Here, turn right and ascend the simple, gently sloping, snow-covered rocky Southwest ridge. A small III pinnacle is passed directly, can be bypassed on the left (protection).
Further along the simple, snow-covered rocky ridge, reach the IV pinnacle, which:
- is overcome directly along steep rocks of medium difficulty
- or bypassed on the left along a steep ice slope (piton protection)

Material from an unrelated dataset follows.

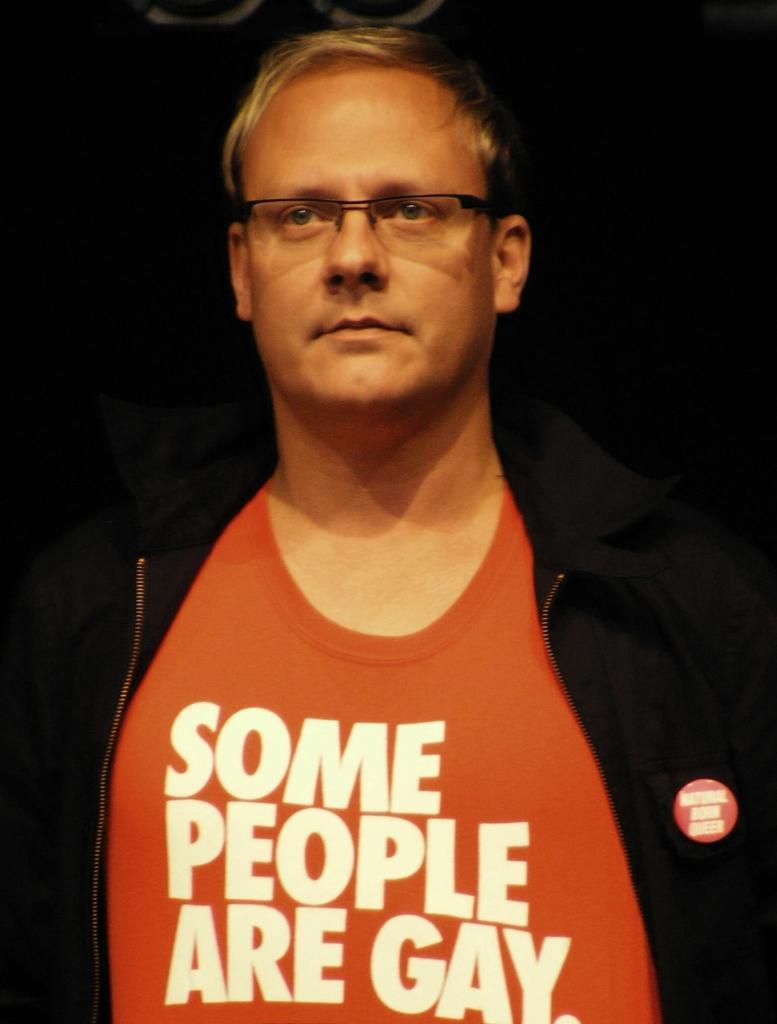Describe this image in one or two sentences. In this picture we can see a person wearing spectacles.

From the pinnacle, along simple rocks of the destroyed couloir, descend to a snow col. Along the steep snow slope on the left side of the col ridge (cornices on the right), reach a platform with a lake. Here, organize a bivouac. From the initial bivouac — 5–8 hours.
From the lake:
- along a steep snow slope (cornices on the right), approach under the wall of the South tower of the peak
- from here, 20 m straight up along rocks of above medium difficulty
- then 20–25 m along steep, destroyed, medium difficulty rocks of the inner corner — a crack (piton protection) — a 40–45-meter wall ascent to a ledge
- from it, along plate-like steep rocks of above medium difficulty, ascend to a platform
- further along simple and medium difficulty rocks — to the shoulder of the South tower of the peak
- along the ridge of the shoulder, approach under the ascent of the South tower
- from here, along simple but steep rocks on the left side, descend to a platform of the col between the South tower peaks
from the platform, along the col ridge, bypassing:
- the first small pinnacle on the left
- and the second on the right
approach under the summit tower.
From the col, along steep rocks of medium difficulty, then along the left side of a smooth plate (piton protection), 20 m up to the "Iron" platform. From the platform:
- along a 15-meter steep couloir of the wall,
- then along rocks of medium difficulty, 120–150 meters of the summit ridge — ascent to the Songuti peak.
From the col with a lake — 6–8 hours.
Descent along the ascent route with rappels from the walls to the col with a lake takes 4–6 hours. The duration of the route is 3–4 days.
Naumov A. F. Karaugom, Digoria, Tsey (Central Caucasus), M., "Fizkultura i sport", 1976.